Boris Johnson or Jeremy Hunt will face an immediate crisis in the private rented sector if government doesn’t rethink its plans to impose fresh regulation on the lettings industry.
The warning from the National Landlords Association follows new research that shows that some 86 percent of landlords consider it “very likely” or “likely” that they would exit the private rented sector if the government presses ahead with controversial plans to make it harder to evict tenants who do not pay their rent.
This comes in the wake of separate NLA research that found that landlords are pessimistic about the future, with the proportion rating the prospects of their own lettings business as “very good” or “good” falling from 65 per cent to 37 per cent over the past four years.
According to a survey of NLA members, nearly half (46 percent) of landlords have invested in property in order to substitute or supplement their pensions.
The NLA says many did so after pension saving became a liability following the Labour government’s controversial £10 billion-a-year pension fund “tax grab” and a series of high-profile scandals involving pension schemes such as those of Equitable Life and Robert Maxwell’s Mirror Group.

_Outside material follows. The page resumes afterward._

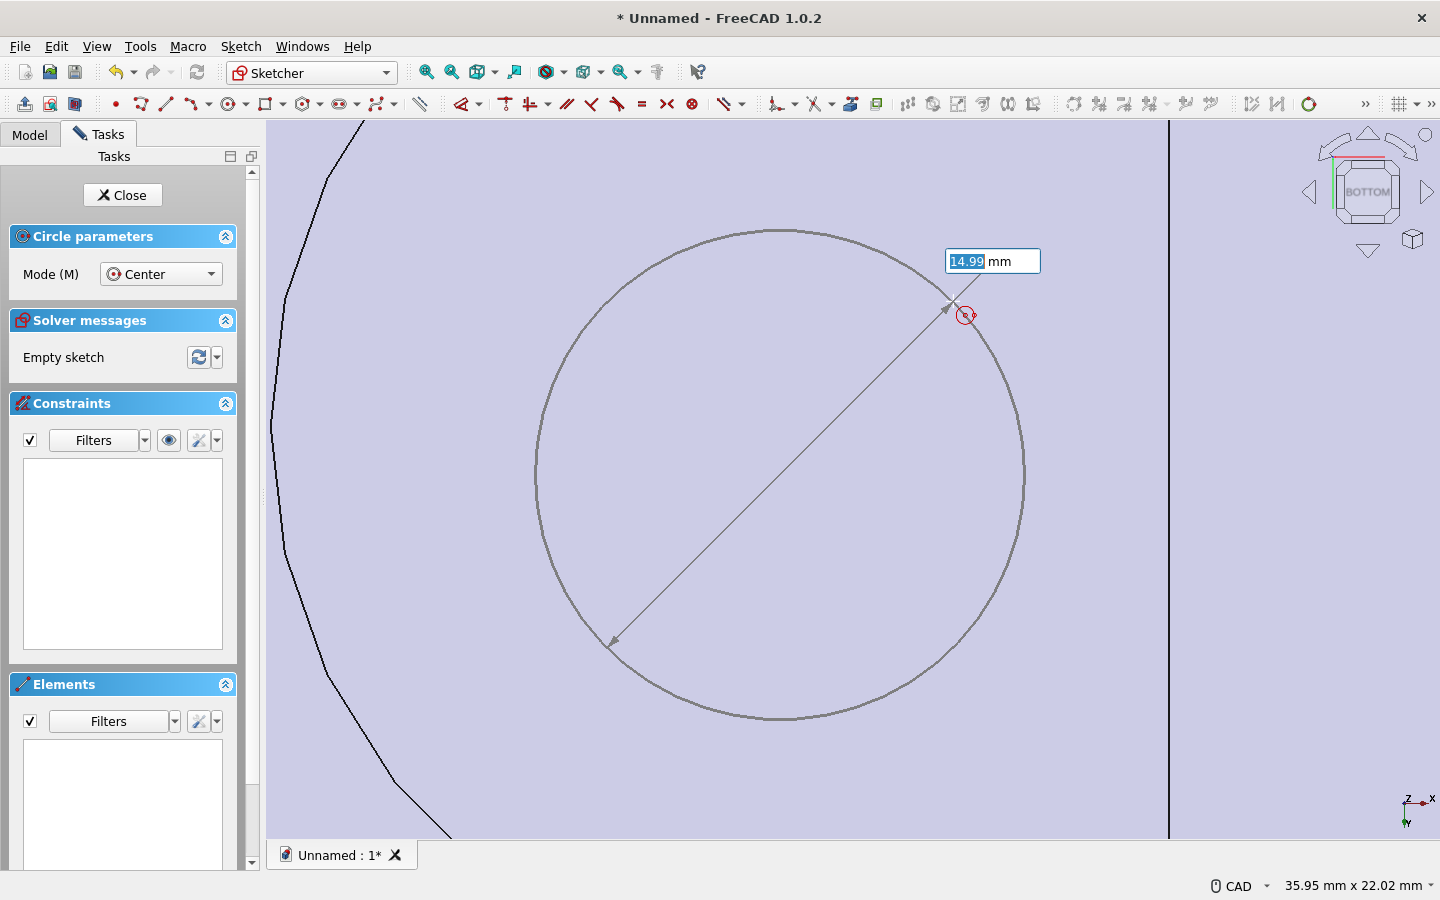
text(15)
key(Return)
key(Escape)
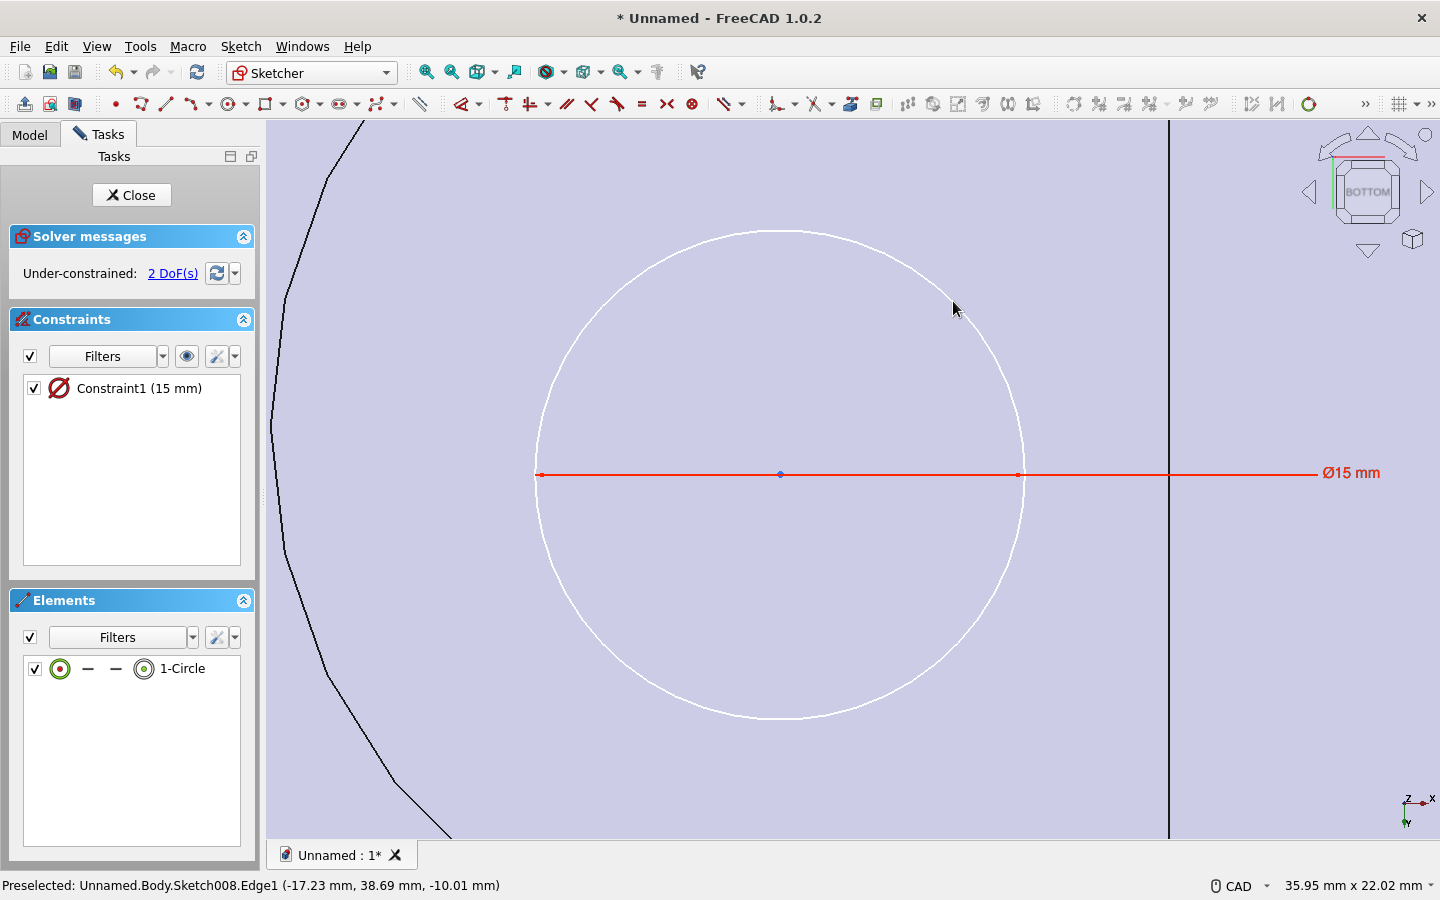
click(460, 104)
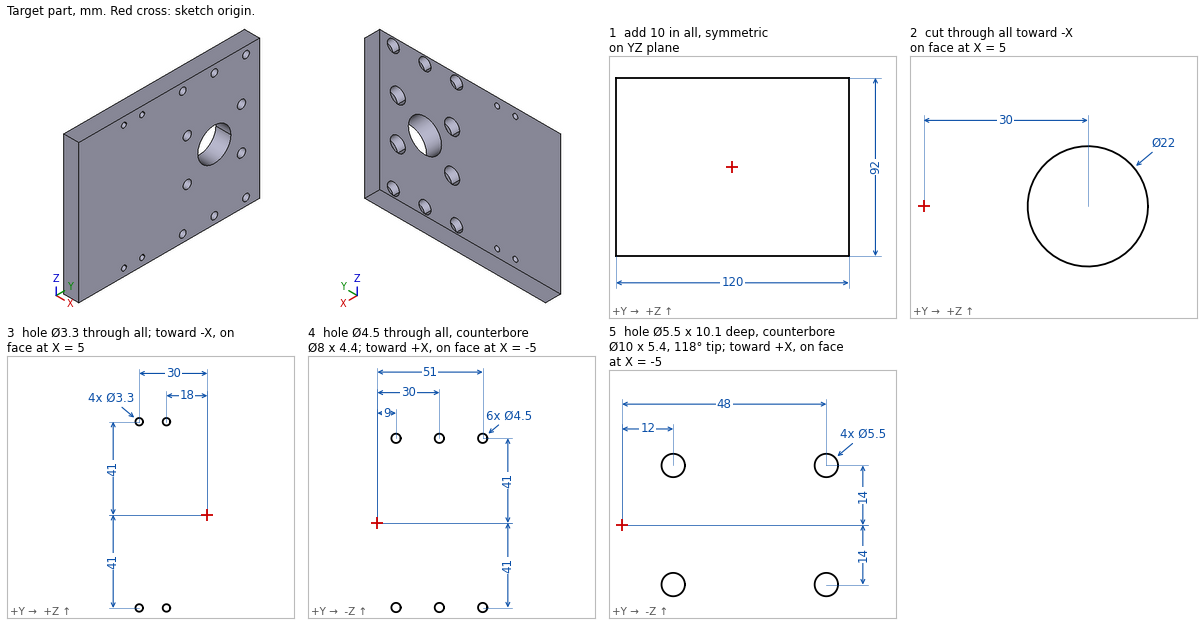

The association claims there are rising expectations that many landlords will have to sell up in order to fund their pension.
Richard Lambert, NLA chief executive, says: “Many landlords are telling us that the latest changes to the regulations affecting the private rented sector are the last straw.
“These are not the greedy or unscrupulous people that many would have you believe. They became landlords in order to fund their retirement, but they are being backed into a corner because the government’s plans to change the regulations—such as the proposal to abolish Section 21 of the Housing Act—is making it harder and harder for them to generate sufficient income.
“If they are left with no option but to sell their property and exit the private rented sector in order to fund their retirement, then given how many landlords are retired or approaching retirement, the chances are that there will be a sudden and significant shrinkage in the size of the private rented sector. If that happened, it is a racing certainty that the current housing crisis would get worse.”